Under this line are the records; write out word for word the part that begins at the line containing "391, 697, 445)" and ends at the line containing "#2 small box <box>845,0,1063,61</box>", and no more.

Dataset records
┌──

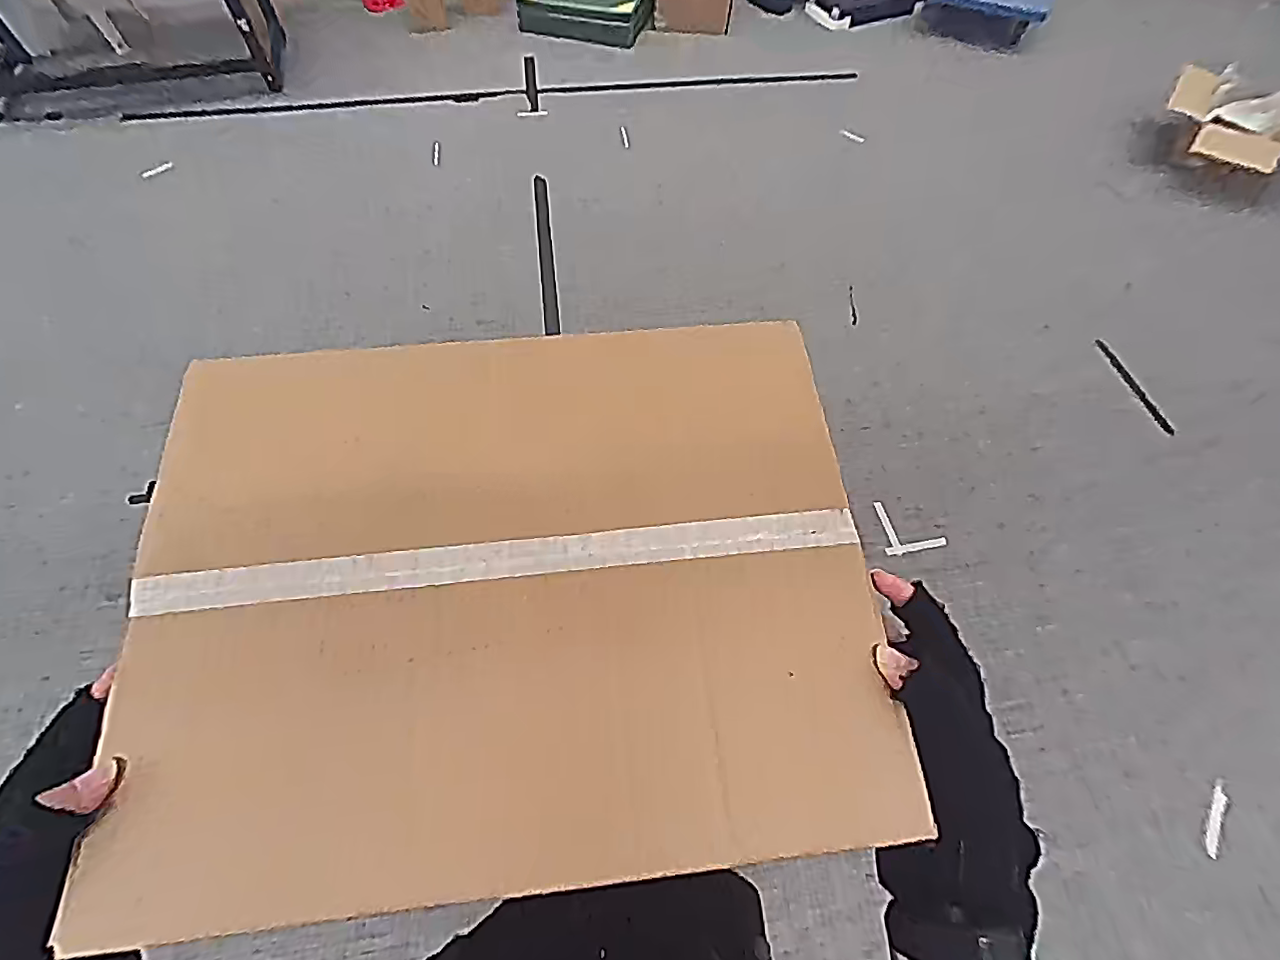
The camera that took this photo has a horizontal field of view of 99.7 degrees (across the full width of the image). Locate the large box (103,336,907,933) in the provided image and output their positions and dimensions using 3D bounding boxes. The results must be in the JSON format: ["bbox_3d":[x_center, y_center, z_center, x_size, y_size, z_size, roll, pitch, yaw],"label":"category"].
[{"bbox_3d":[-0.078,0.111,0.460,0.408,0.320,0.320,-5,68,-4],"label":"large box"}]
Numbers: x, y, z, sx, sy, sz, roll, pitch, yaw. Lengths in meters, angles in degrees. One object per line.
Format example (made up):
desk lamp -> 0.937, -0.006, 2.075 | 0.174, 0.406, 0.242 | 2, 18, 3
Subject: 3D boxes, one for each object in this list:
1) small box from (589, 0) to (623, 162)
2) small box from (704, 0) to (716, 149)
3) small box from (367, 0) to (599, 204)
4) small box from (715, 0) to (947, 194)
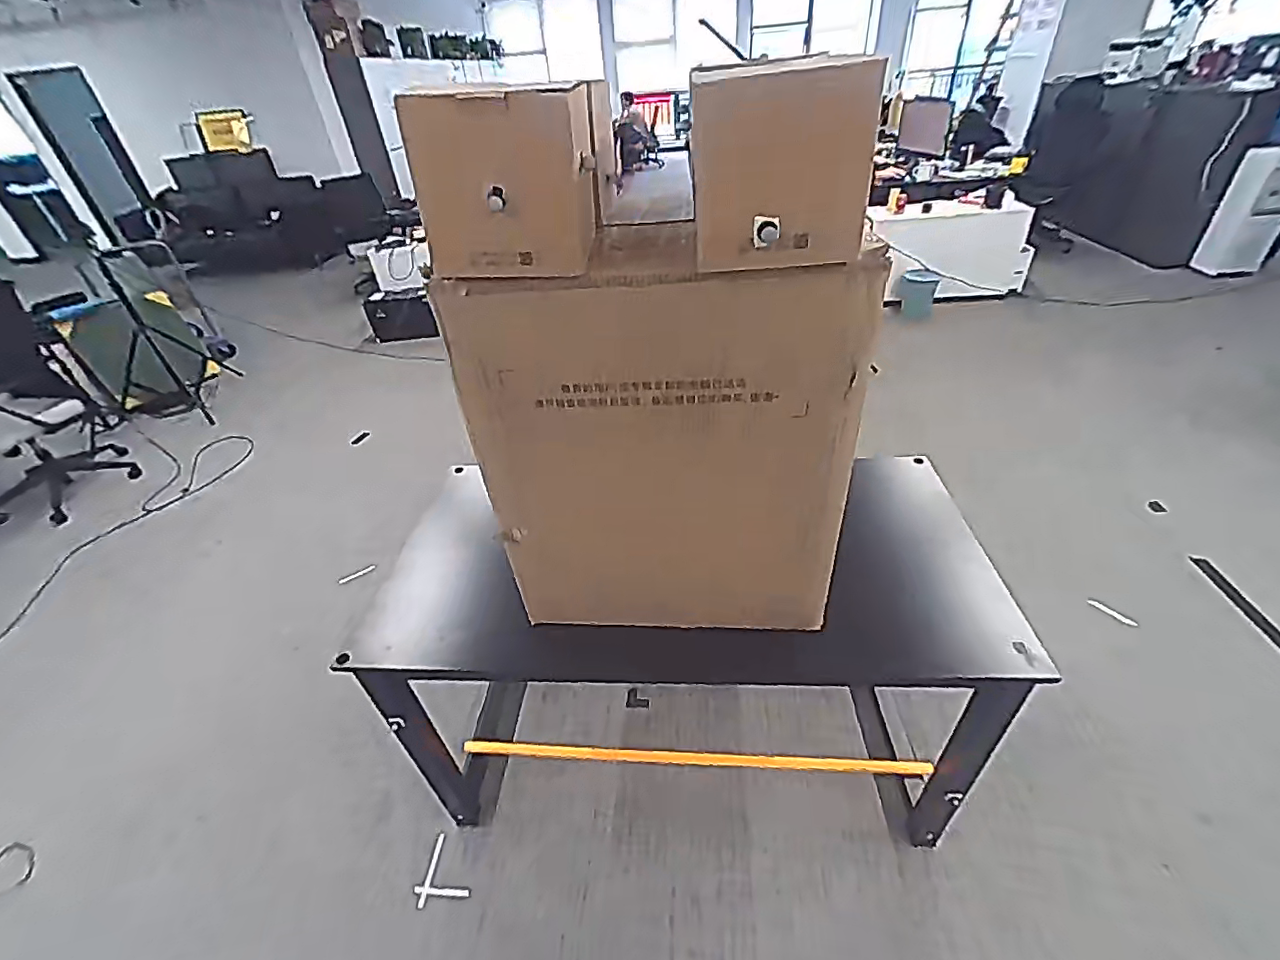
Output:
small box -> -0.123, -0.501, 0.688 | 0.179, 0.176, 0.168 | 1, 37, 6
small box -> 0.163, -0.513, 0.666 | 0.168, 0.176, 0.179 | -3, 34, 6
small box -> -0.129, -0.377, 0.525 | 0.168, 0.176, 0.179 | -1, 40, 0
small box -> 0.154, -0.374, 0.494 | 0.168, 0.176, 0.179 | -3, 39, 7
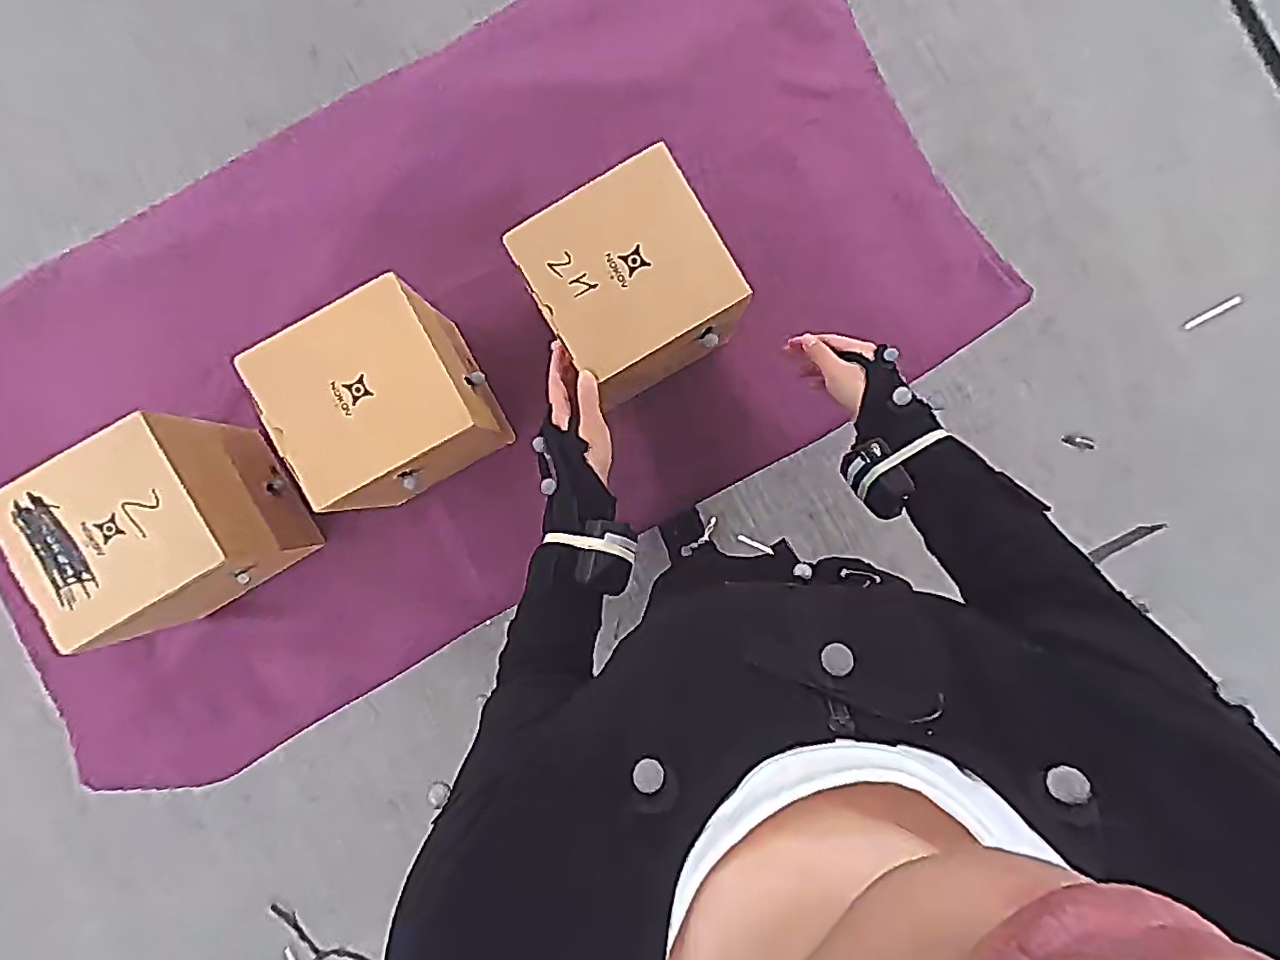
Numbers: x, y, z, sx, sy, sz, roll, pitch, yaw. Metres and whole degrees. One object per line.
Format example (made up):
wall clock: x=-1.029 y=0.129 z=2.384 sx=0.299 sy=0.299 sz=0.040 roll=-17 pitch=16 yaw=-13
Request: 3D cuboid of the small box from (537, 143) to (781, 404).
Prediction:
small box: x=0.017 y=-0.197 z=0.568 sx=0.179 sy=0.176 sz=0.168 roll=-27 pitch=89 yaw=0

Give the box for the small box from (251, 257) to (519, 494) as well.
small box: x=-0.243 y=-0.097 z=0.571 sx=0.179 sy=0.176 sz=0.168 roll=-26 pitch=90 yaw=0
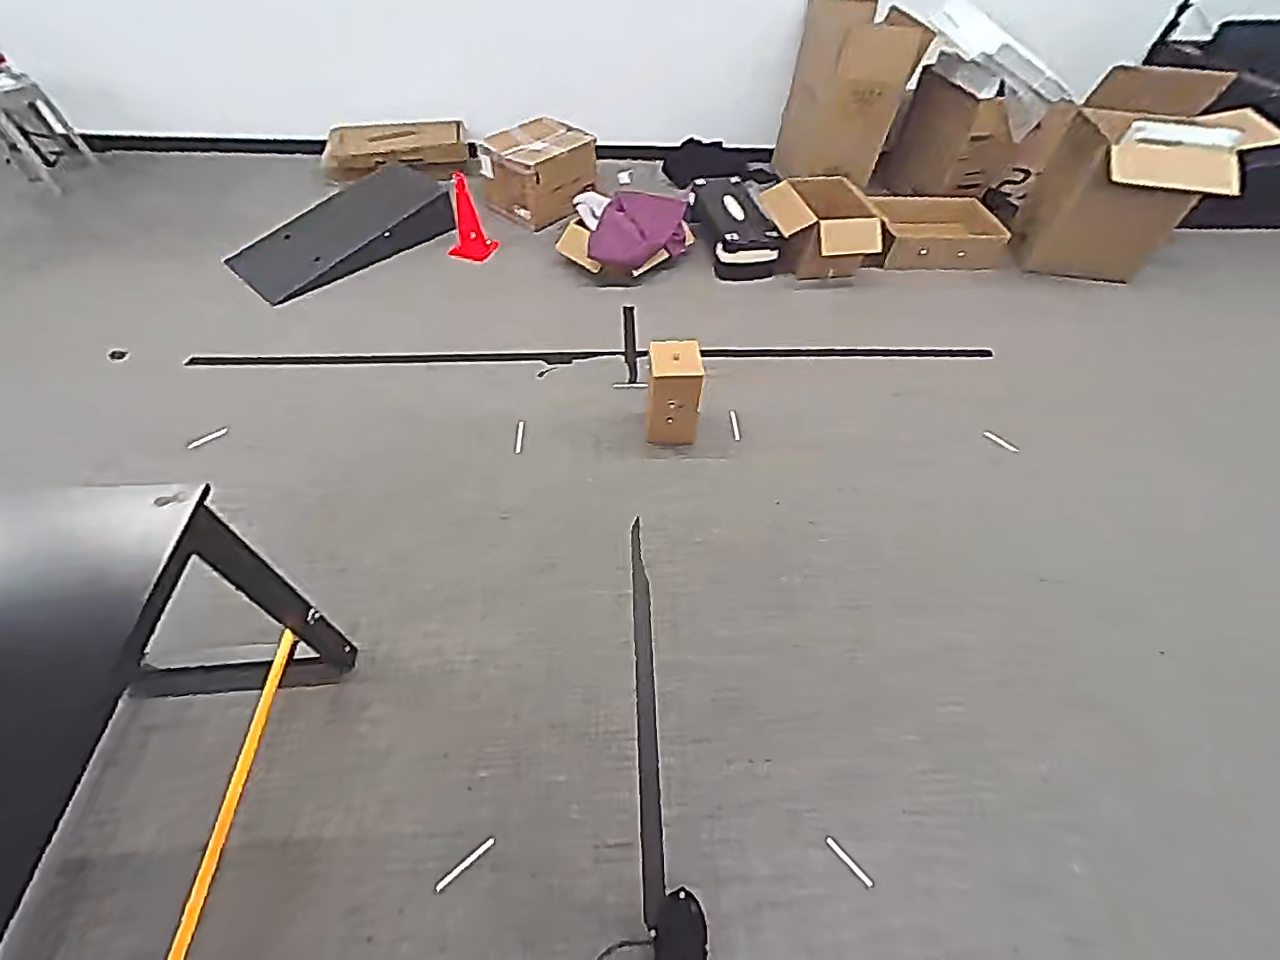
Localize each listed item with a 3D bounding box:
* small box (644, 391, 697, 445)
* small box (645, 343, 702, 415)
[{"bbox_3d":[0.106,-0.242,1.964,0.179,0.176,0.168,2,53,-3],"label":"small box"},{"bbox_3d":[0.107,-0.342,1.836,0.168,0.176,0.179,-3,54,-4],"label":"small box"}]
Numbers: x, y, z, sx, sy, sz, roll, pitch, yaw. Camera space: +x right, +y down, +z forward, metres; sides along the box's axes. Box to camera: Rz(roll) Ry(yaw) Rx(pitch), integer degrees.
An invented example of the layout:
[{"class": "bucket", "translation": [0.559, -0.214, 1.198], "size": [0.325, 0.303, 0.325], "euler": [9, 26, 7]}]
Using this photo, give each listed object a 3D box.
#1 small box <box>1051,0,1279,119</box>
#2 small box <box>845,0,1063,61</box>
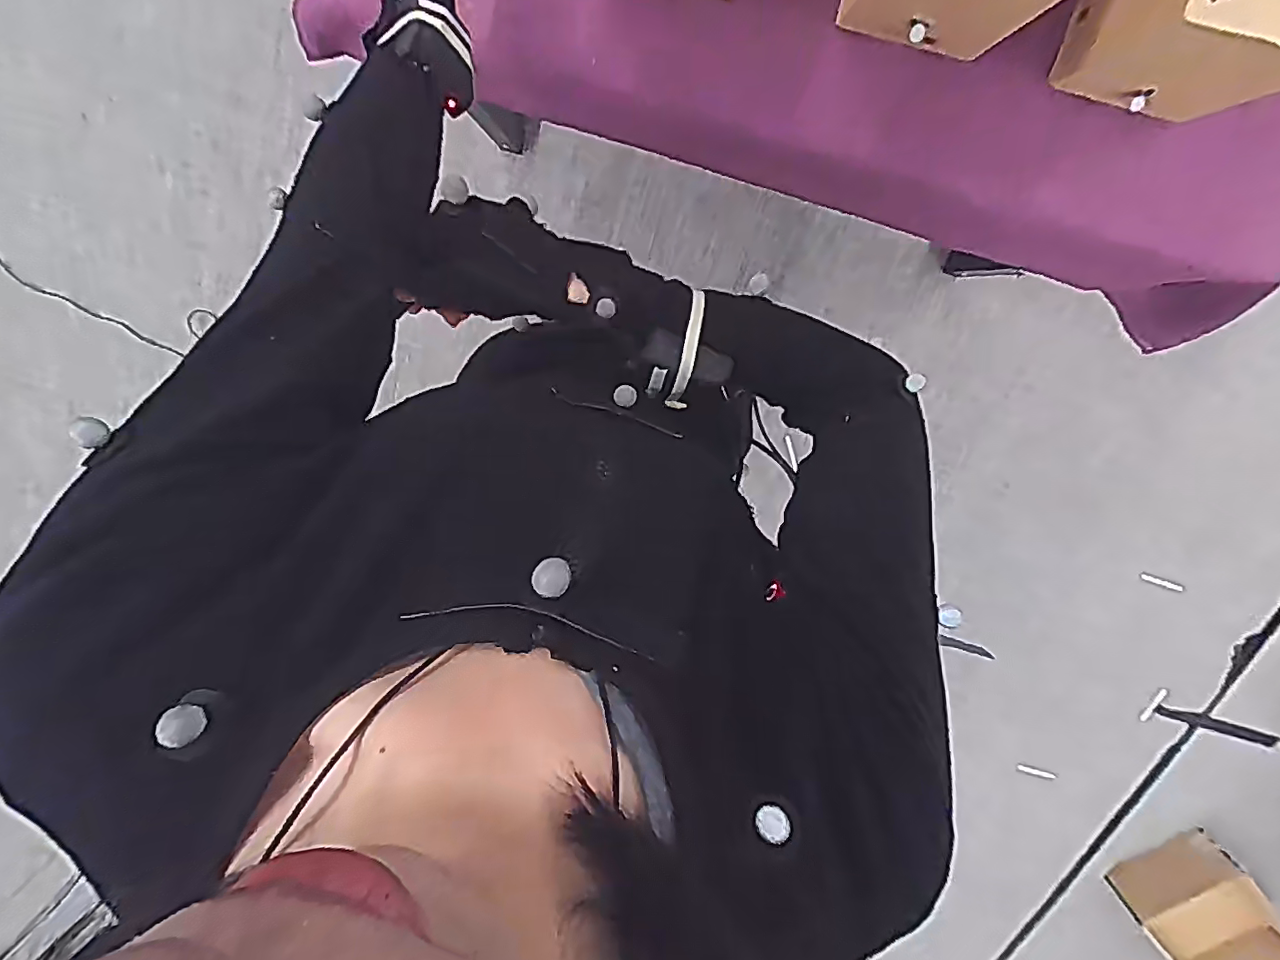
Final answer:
[{"class": "small box", "translation": [0.574, -0.487, 0.535], "size": [0.179, 0.176, 0.168], "euler": [11, 108, -5]}, {"class": "small box", "translation": [0.318, -0.545, 0.508], "size": [0.168, 0.176, 0.179], "euler": [11, 109, -5]}]
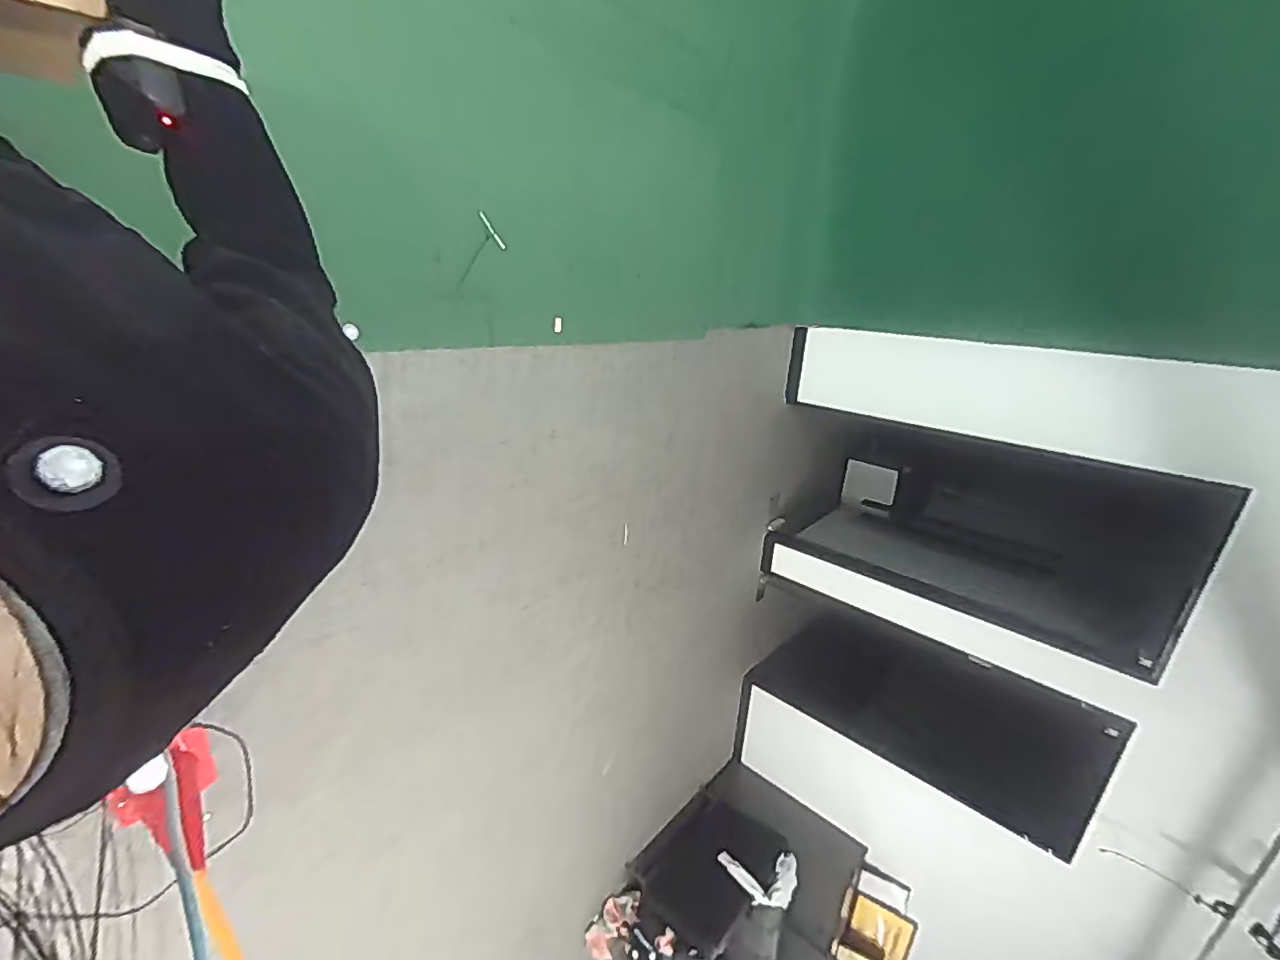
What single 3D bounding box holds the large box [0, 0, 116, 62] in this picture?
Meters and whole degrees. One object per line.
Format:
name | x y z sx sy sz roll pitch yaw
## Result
large box | -0.622 -0.478 0.292 0.408 0.320 0.320 -22 124 -46

└──

Answer to this problem:
* small box (644, 391, 697, 445)
* small box (645, 343, 702, 415)
[{"bbox_3d":[0.106,-0.242,1.964,0.179,0.176,0.168,2,53,-3],"label":"small box"},{"bbox_3d":[0.107,-0.342,1.836,0.168,0.176,0.179,-3,54,-4],"label":"small box"}]
Numbers: x, y, z, sx, sy, sz, roll, pitch, yaw. Camera space: +x right, +y down, +z forward, metres; sides along the box's axes. Box to camera: Rz(roll) Ry(yaw) Rx(pitch), integer degrees.
An invented example of the layout:
[{"class": "bucket", "translation": [0.559, -0.214, 1.198], "size": [0.325, 0.303, 0.325], "euler": [9, 26, 7]}]
Using this photo, give each listed object a 3D box.
#1 small box <box>1051,0,1279,119</box>
#2 small box <box>845,0,1063,61</box>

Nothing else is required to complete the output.